Of course this could become quite difficulty and complex and may cost a lot of efforts and therefore I suggest to re-think your entire concept again if not a concatenation of both tables (see also above) might be more suitable. Of course a poor data-quality remained poor until the degree of useless but you will be able to load and show all available records and you could show with flags which data are valid and which not respectively the degree of the data-quality. In my experience such an approach is much easier to realize as any join-logic.

- Marcus 

OmarBenSalem
Author

I'm sorry Marcus.. but I still can't see how concatenating the 2 tables will reslove the issue?

Plus.. I have no control over the data source.. The functionnal strategy has been defined as so.. we link lines of table 1 by any combination we find of the 4 fields of table 2..

Furthermore.. if we found for one line .. 5 possibles linkes 'combinations of 3 fields, 2 fields etc', there is an order.. where we take the most refined one..

marcus_sommer

Of course concatenating the tables won't link them and don't resulting in a joined/associated table. But that's not the target. The aim is to make the required views in the UI possible - at this point the look and name of the data-model is secondary.

The essential point is that tables without a controlled relation-ship couldn't be joined - at least not with simple methods. Even more important are missing key-values which could be never joined. Quite common in such cases is the use of a link-table - which mainly based on a concatenation-approach. Another method is to check both tables against each other and then to populate all missing keys.

Nothing of it is simple and may need a lot of efforts. Therefore again my suggestion to start with the simplest method to concatenate these tables because all data will be there / will be available without the need of using direct-keys or even creating complex ones.

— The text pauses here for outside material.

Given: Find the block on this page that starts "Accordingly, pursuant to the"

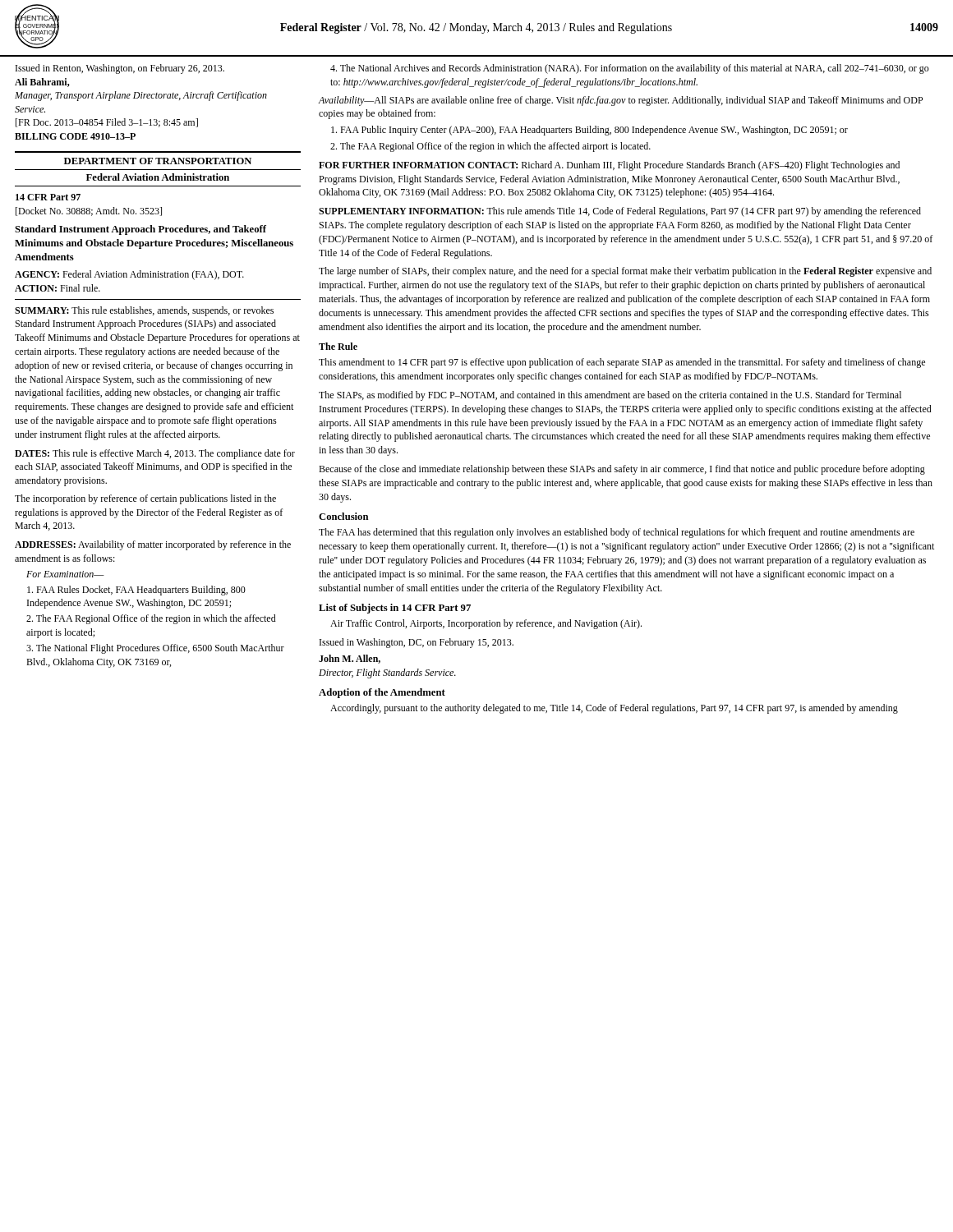Looking at the screenshot, I should (x=614, y=708).

Even if you in the end may be able to apply another data-model it will be very helpful to validate the data - especially in regard to the data-quality to how many wrong/missing values are there and do they look like to estimate the measures and efforts to clean/prepare them (by a poor data-quality you will need to do the last by each kind of data-model).

- Marcus

OmarBenSalem
Author

Thanks Marcus, but the functionnal team does not "judge" their data quality as poor but are rather convinced that this is the only way they can do it..

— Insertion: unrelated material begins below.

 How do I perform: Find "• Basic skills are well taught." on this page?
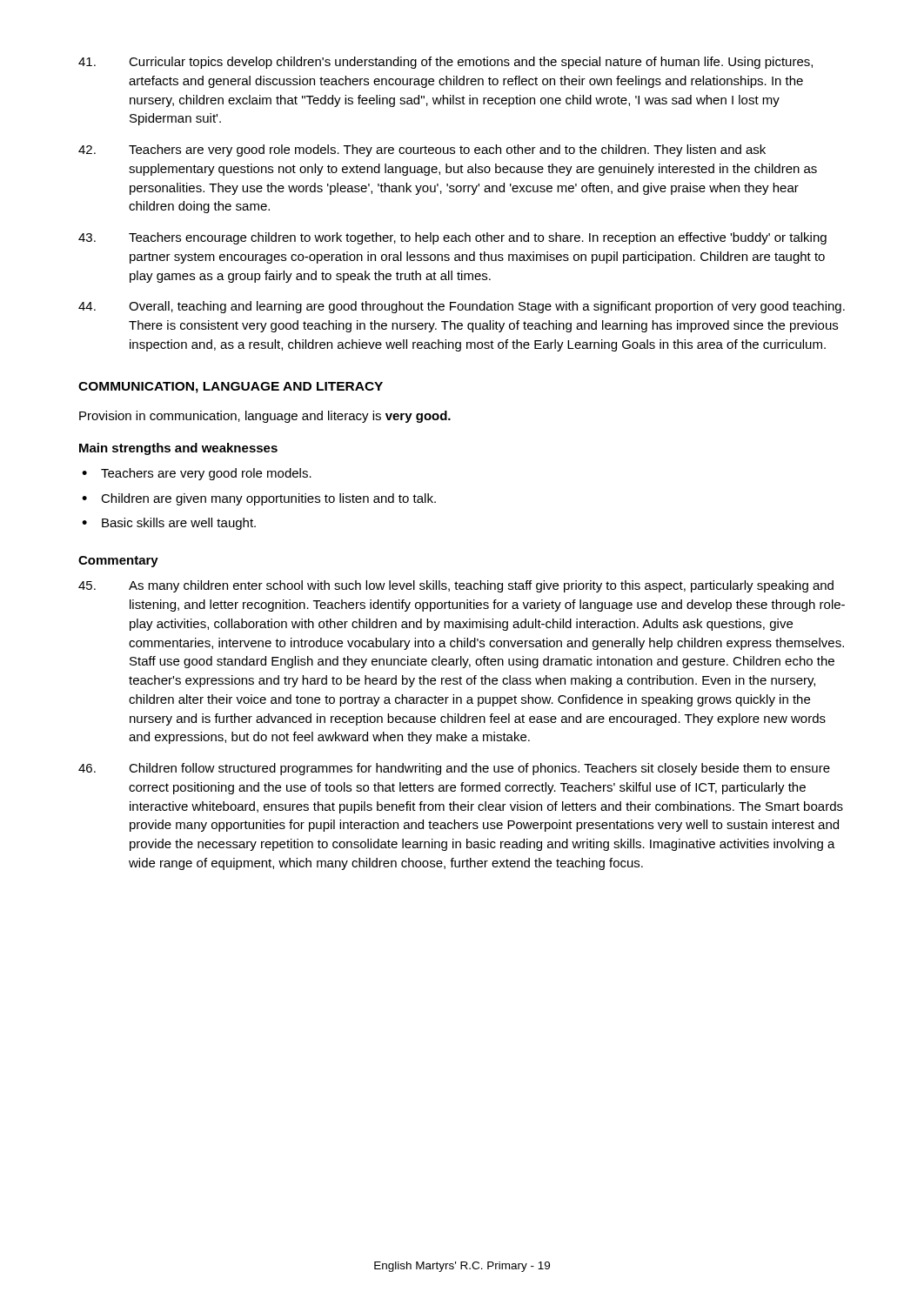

Besides, we do need to join tables since our expressions depend on this.. (we use conditions in table 2 to calculate measures in table1..)

Thank u for your time.. but I really do not see any other way to do it other thant the solution I've come up with.. which is VERY resource heavy..

marcus_sommer

In regard to the creation of the data within their productive databases the data-quality might not be poor else working like intended. But from the point of view to match several data-sources without a common unique key the judgement to the data-quality could be differently viewed.

I think I have a quite similar case in which I need to match sales-data with provision-data. There exists no unique key else depending on the context (categories, types) I need to use different keys on both sides which often not exists or aren't valid. Therefore I apply multiple stages in beforehand to check them and to clean/fill/prepare the ID's - from several other sources but also from the origin tables. Afterwards I could combine the appropriate fields to key's - simplified to:

ID & Category & Period

whereby I have in the end around two dozens of key-values for a single record. Those keys with a bunch of other fields (string-concatenated) are then concatenated loaded within a mapping-table whereby the load-order ensured the priority in which later matches happens.

In the target-table are then multiple heavy nested applymap() used to match the data. No matching will be in further steps emulated.

I could imagine that you could also apply a similar method with nested mappings. Of course it are heavy transformation but mappings are much faster as joins especially if there are multiple keys which would require to repeat the joins n times because they couldn't be nested.

- Marcus

 

OmarBenSalem
Author

Thank for your time Marcus; I'll try to implement such a modelisation and see how it works!